#### [EXERCISE]
From the listing below, extract every line in which the word "view" appears.

#### [MATERIAL FOR THIS EXERCISE]

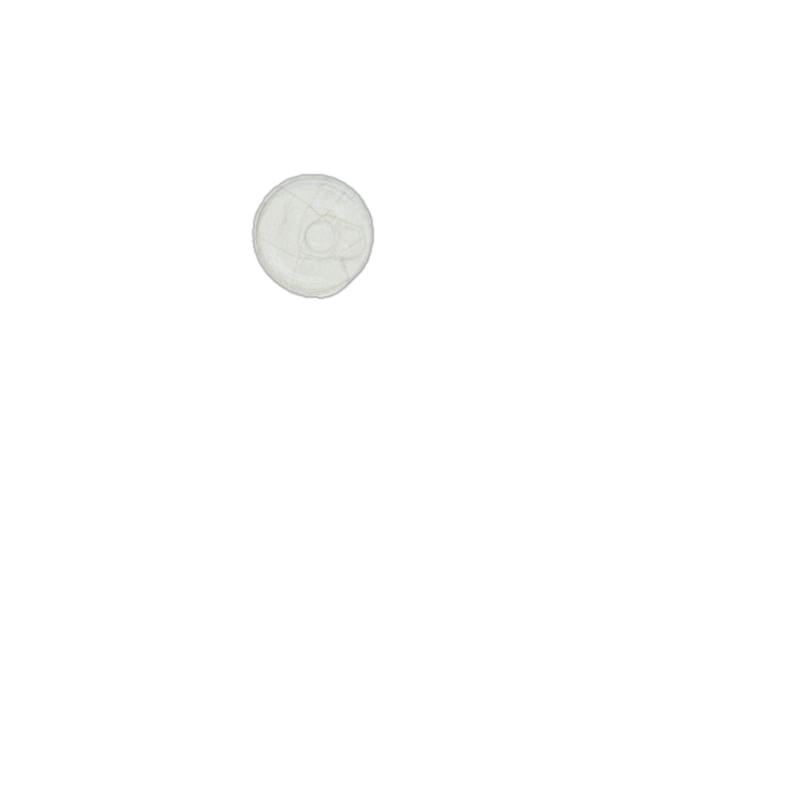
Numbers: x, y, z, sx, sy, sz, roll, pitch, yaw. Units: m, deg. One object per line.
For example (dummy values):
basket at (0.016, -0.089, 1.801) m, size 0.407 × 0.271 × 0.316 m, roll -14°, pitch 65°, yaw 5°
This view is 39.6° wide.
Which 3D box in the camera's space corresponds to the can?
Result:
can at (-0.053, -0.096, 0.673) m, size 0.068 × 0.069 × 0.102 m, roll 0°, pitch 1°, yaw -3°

...

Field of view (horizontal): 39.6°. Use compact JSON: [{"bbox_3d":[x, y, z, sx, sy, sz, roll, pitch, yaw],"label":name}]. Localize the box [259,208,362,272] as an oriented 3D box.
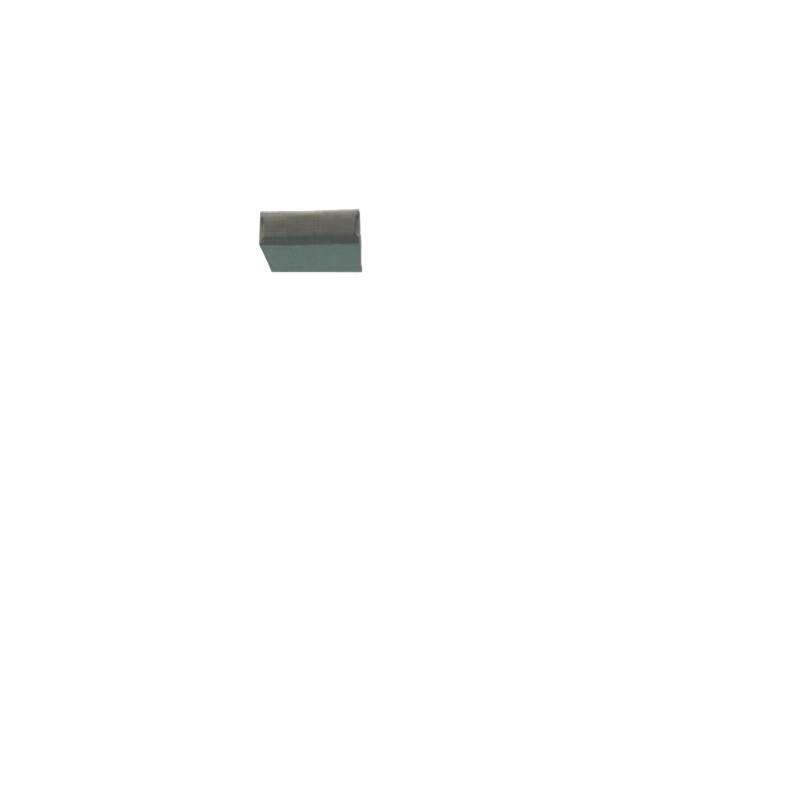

#### [RESULT]
This view is 39.6° wide.
Field of view (horizontal): 39.6°. Use compact JSON: [{"bbox_3d":[x, y, z, sx, sy, sz, roll, pitch, yaw],"label":name}]. Localize the box [259,208,362,272] as an oriented 3D box.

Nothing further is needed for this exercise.